Barbara Eden was Miss San Francisco in 1951. Photo: Courtesy the subject  

When she was five years old, Eden won first prize for a Halloween costume she wore to a contest on Polk Street. "It was fun," she recalled. "I had a red wig on. I was Little Miss Muffett." She seemed destined for a career in show business. She was Miss San Francisco 1951.

"It was a wonderful experience," she said. "I was shocked when I won. I was studying acting, and my acting teacher said that I was shy. She said if I could stand in a bathing suit in front of people, it'd help me. It was very difficult for me, inside I was really embarrassed, but I did it, so that was a learning experience."

She studied singing at the Conservatory, and went home to study her work. "My mother told me I was singing every note perfectly, but I didn't mean a word of what I was singing," Eden recalls. Her mother suggested that she try acting, and she did.

Eden has fond memories of her teacher Paulina Giovanini at the Conservatory of Music. "She really gave me the freedom to sing," she said. "She gave me the tools to use, she placed my voice. I can never say enough thank yous to her. I enjoyed singing when I was working with her. It was fun, a thrill."

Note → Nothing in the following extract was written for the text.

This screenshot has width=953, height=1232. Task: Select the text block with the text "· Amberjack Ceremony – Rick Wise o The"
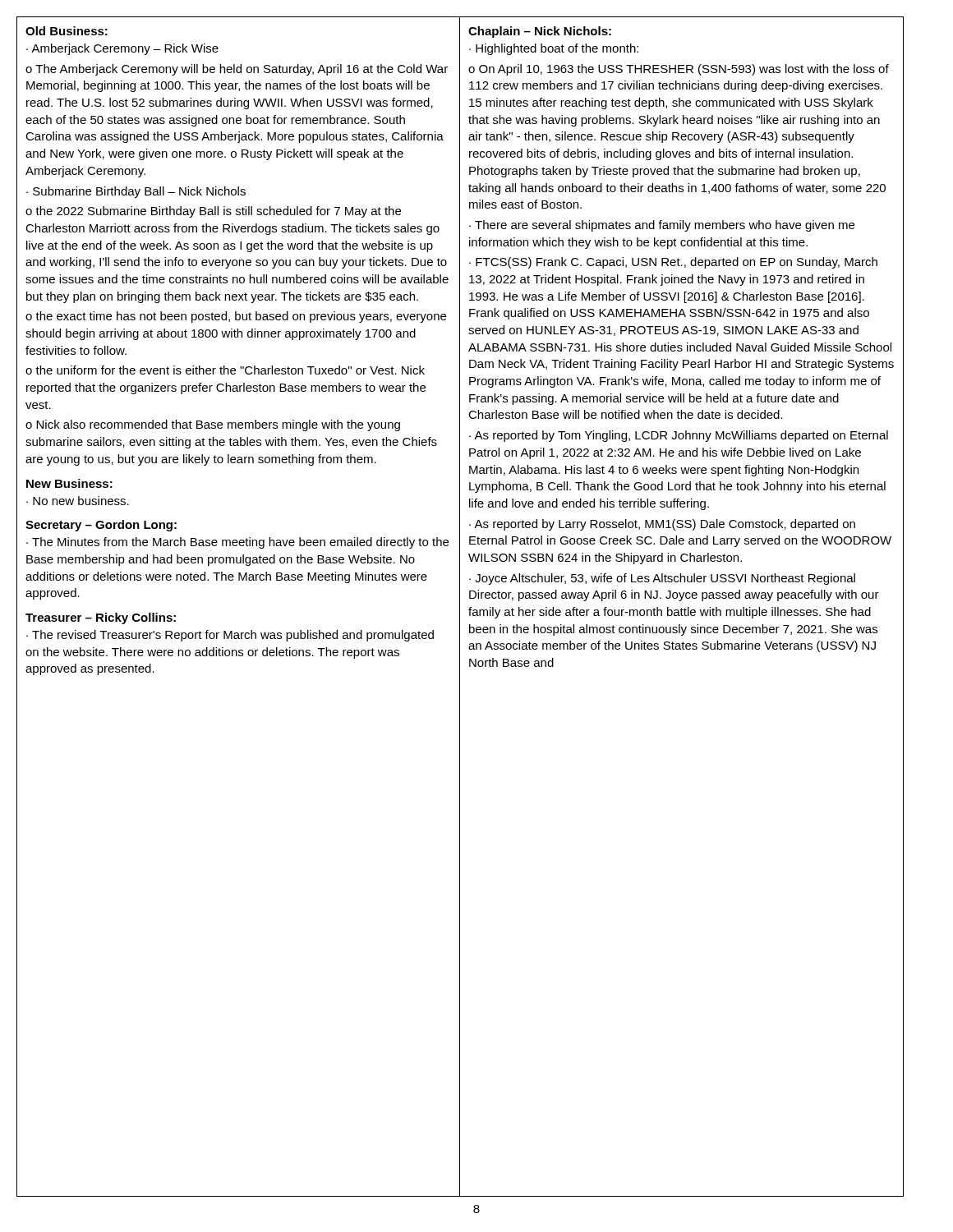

Her acting teacher urged her to "leave the nest" and go to NY or LA to pursue a career. She chose LA because she had relatives there. She worked at a bank at night and looked for acting work by day. Among her early jobs were guest shots on "Perry Mason" and "I Love Lucy." She also received good reviews for the play "The Voice of the Turtle," which led to a contract at 20th Century Fox.

Eden has nothing but praise for "I Love Lucy" star-producer Lucille Ball. "She was wonderful," she said. "She was so good to me. This was my third job. I was playing the sexy young thing, and I put the dress on for our dress rehearsal. She and her assistant put sparkles on the dress to make it prettier. I couldn't believe it. She wasn't only a kind and good person, she wanted her show to be good. She knew what was important and what wasn't."

Eden spent seven years at Fox, then tested for "I Dream of Jeannie" when she saw a casting notice in the trade papers. The show ran from 1965-70, producing 139 episodes, and is now considered a TV classic.

"It's just amazing to me," she said, "and wonderful. She's very easy to live with. I am surprised that it's been seen all over the world, and I get mail from all over. I think it's wonderful."

Eden is happy to be returning to the Conservatory of Music, where she'll be honored for her impact on art and culture. She laughed when asked if she could say something about the impact that she's had.

"It's too subjective," she said. "I'm really happy that I'm getting the honor. I'm going to meet the students," she said. "I'm really looking forward to that." Though she won't have time to visit her old haunts, Eden is still happy to be coming home for a few days. "It makes me feel good to be in San Francisco. It just feels like home. It feels, smells, tastes like home."

The San Francisco Conservatory of Music's Annual Fanfare Luncheon will include an interview with Eden before she's given the Distinguished Alumni Award. Proceeds support SFCM student scholarships. It takes place on Fri., Feb. 14, 12 p.m. in the Green Room at the War Memorial and Performing Arts Center. A limited number of tickets ($500-$1,000) are available at sfcm.edu.